A newer one-story warehouse to the south would be demolished and replaced with a plaza and stairs leading east, up the hill from Terry, to a terrace. A walkway between the two new towers would link the terrace to Boren, creating an east-west passage across the entire block.
For the plan to work, however, the city would have to vacate part of an alley.
Plants might be installed on the Terry Avenue Building's roof, Krech says — to absorb rain that otherwise would run off into city storm drains, and to give the 2,800 Amazon workers in the two new buildings something interesting to look down on.
The towers' preliminary design calls for wide, tall windows, Spartan ornamentation and a textured exterior — perhaps brick or concrete rather than aluminum or glass. All are intended to create an updated warehouse look, Krech says.
It fits, he says, because 11 or 12 stories is a common height in old warehouse districts: Brick buildings couldn't be built any taller.
Vulcan hasn't always been enthusiastic about historic preservation. In 2000, it fought landmark designation for the Van Vorst Building and lost.
Two years later, however, the Landmarks Preservation Board approved a Vulcan plan to preserve the building's Mission Revival-style facade on Boren Avenue and parts of the north and south sides.
The rest of the old warehouse was demolished last month. The smaller, restored building will become Amazon offices and community meeting space.
Laundry landmark
The 1917 New Richmond Laundry, another landmark, was Vulcan's first foray into historic preservation in South Lake Union.
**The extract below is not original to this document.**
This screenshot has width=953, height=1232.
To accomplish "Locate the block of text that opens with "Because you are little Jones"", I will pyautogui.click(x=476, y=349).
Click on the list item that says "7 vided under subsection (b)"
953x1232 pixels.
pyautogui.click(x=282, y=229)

Parts of the old brick industrial building became flats and lofts in Alley 24, a full-block, residential/retail/office development that opened in 2006.
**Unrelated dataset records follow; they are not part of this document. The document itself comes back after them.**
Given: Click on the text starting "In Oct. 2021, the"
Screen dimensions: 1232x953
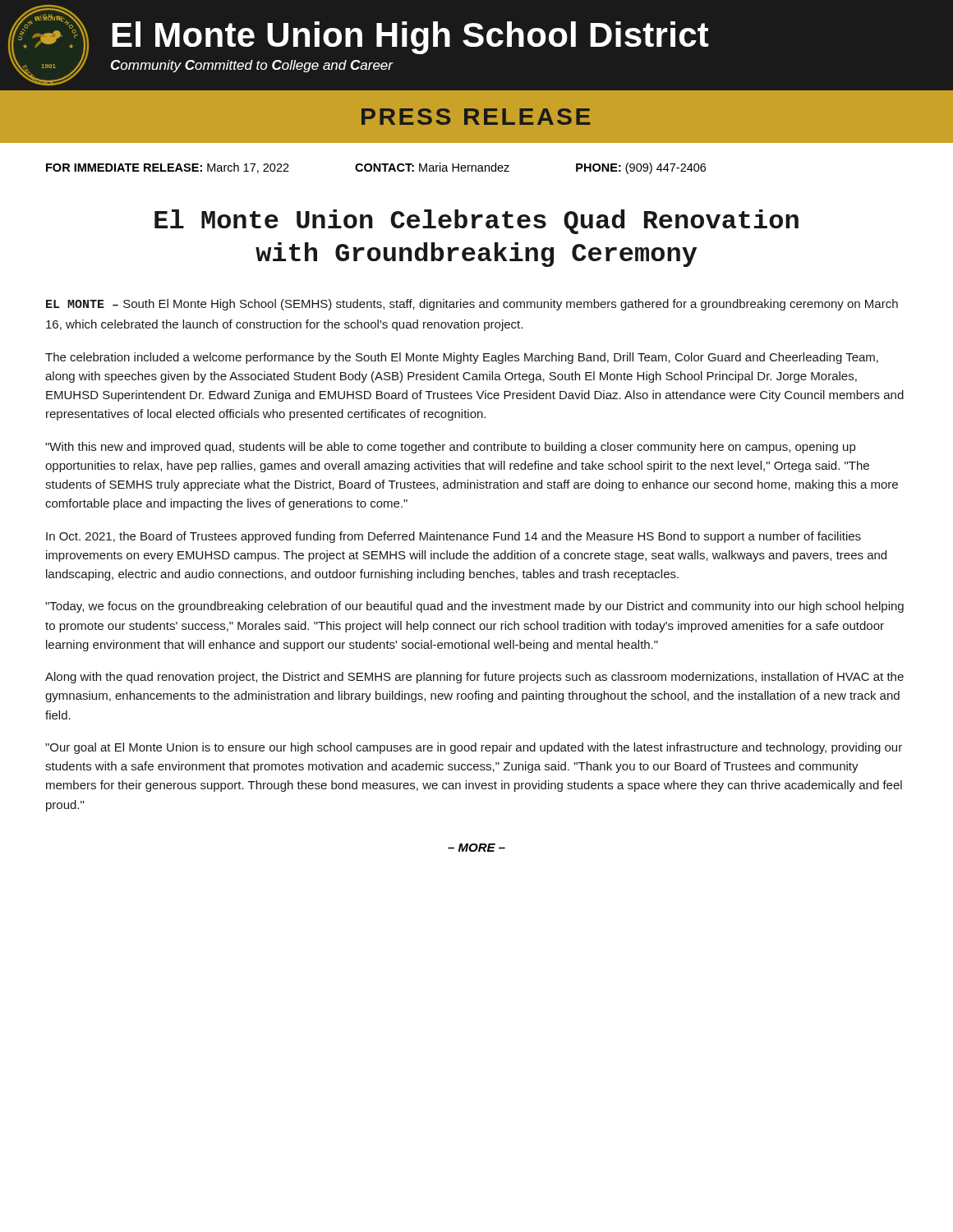Looking at the screenshot, I should point(466,555).
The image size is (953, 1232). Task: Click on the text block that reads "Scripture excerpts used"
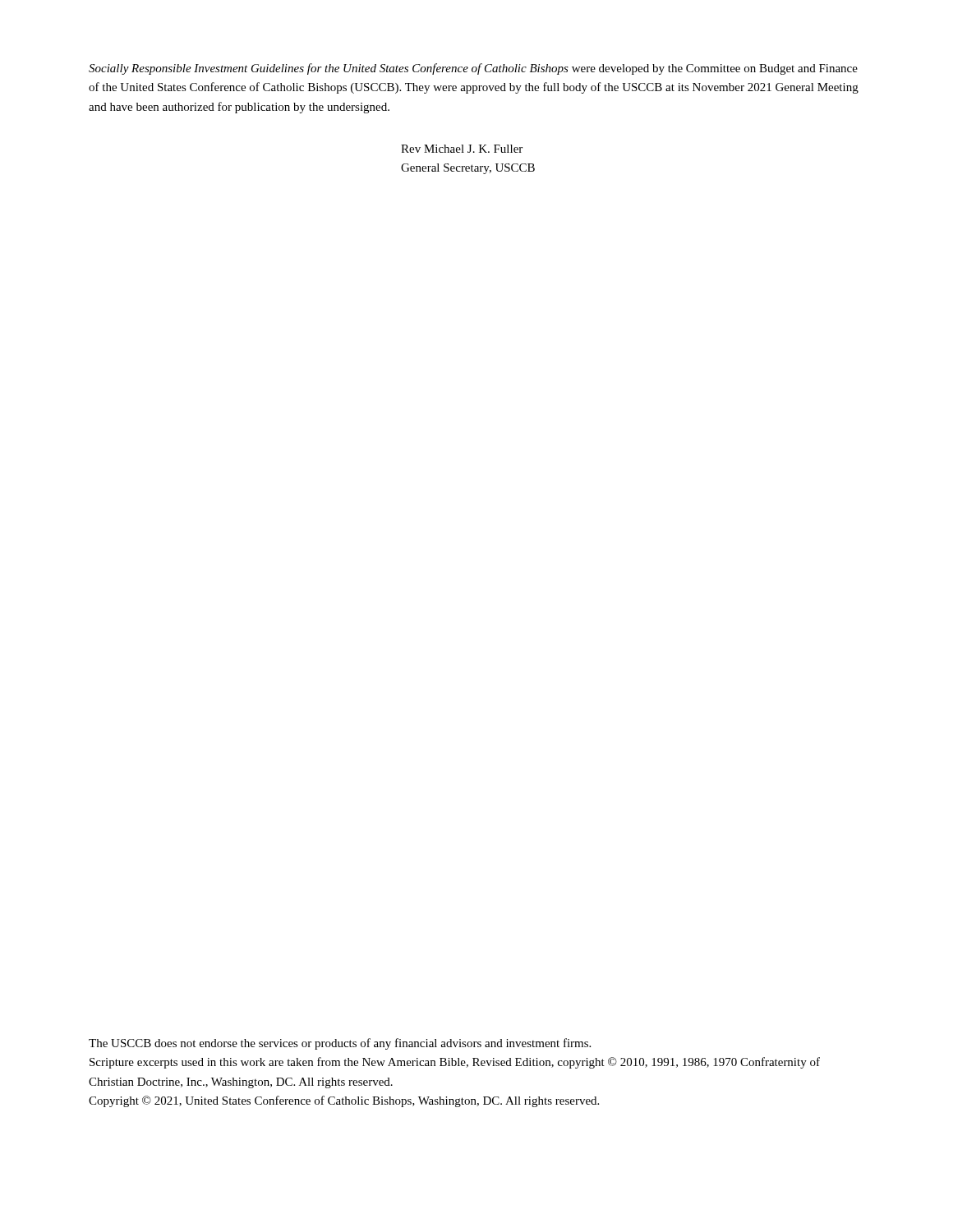point(476,1072)
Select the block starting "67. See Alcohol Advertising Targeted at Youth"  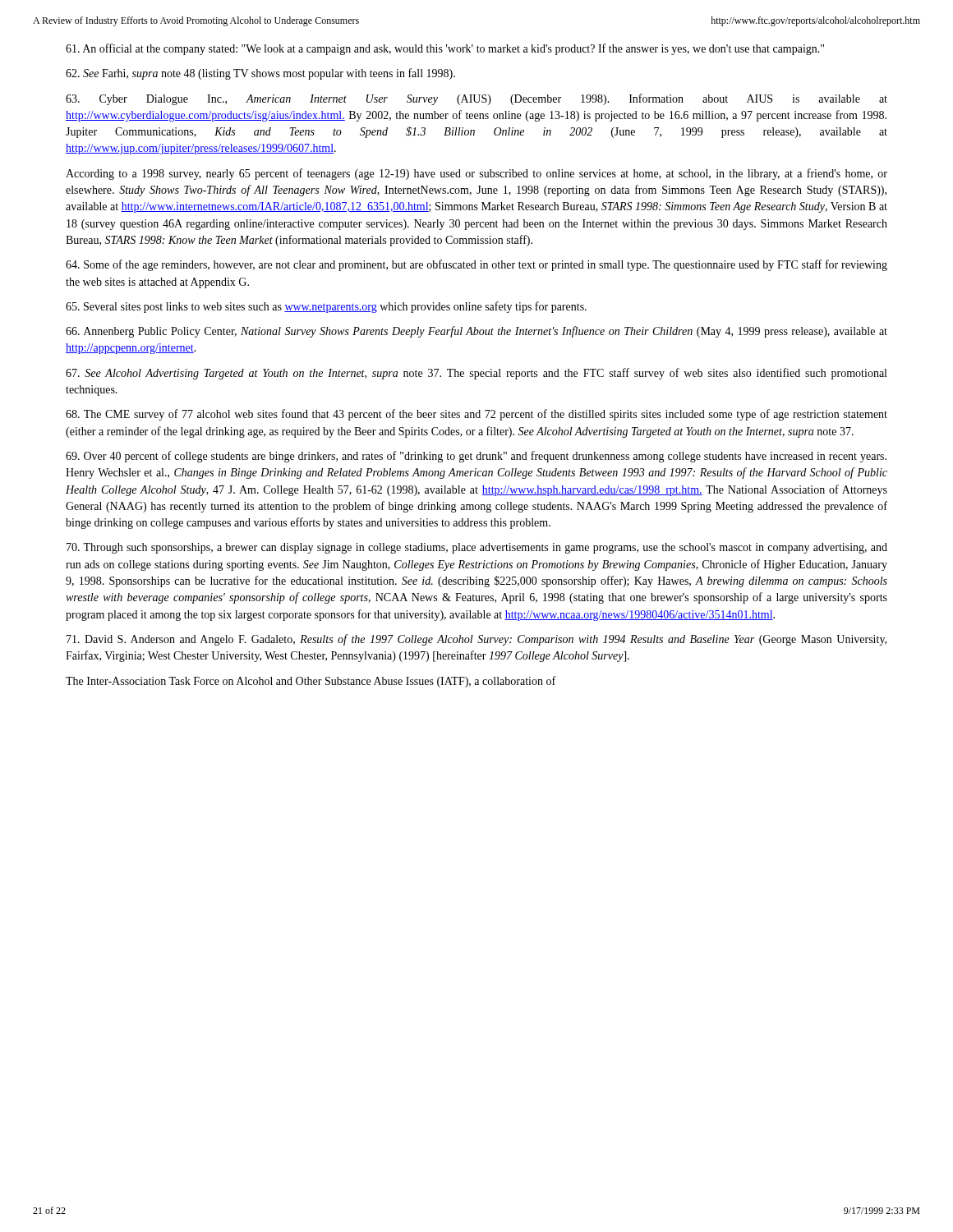point(476,381)

Not everyone is a fan. Christine Palmer, now preservation advocate for the nonprofit group Historic Seattle, wrote in 2006 that despite everyone's best intentions, Alley 24's new construction "engulfs the old brick laundry."
"The final product is unrecognizable as a contributor to Seattle's heritage," Palmer wrote.
But Lloyd Douglas, president of the Cascade Neighborhood Council on the east side of South Lake Union, says he mostly likes what Vulcan has done to honor the area's history.
"They're tearing down a lot of stuff anyway," he says. "We like to see them keep alive the meaning of what used to be here."
Vulcan hasn't announced development plans for blocks that include two more designated landmarks — the ornate 1920s Pacific McKay and Ford McKay auto showrooms at Westlake and Mercer and the Supply Laundry Building in Cascade, which dates to 1908.
Part of the challenge will be finding new uses for those old buildings that work, says NBBJ principal David Yuan. NBBJ designed — and later moved into — Alley 24.
"Buildings, like Madonna, can have several lives," he says. "We need to respect the building's history, but it also needs to enhance the project it is becoming part of."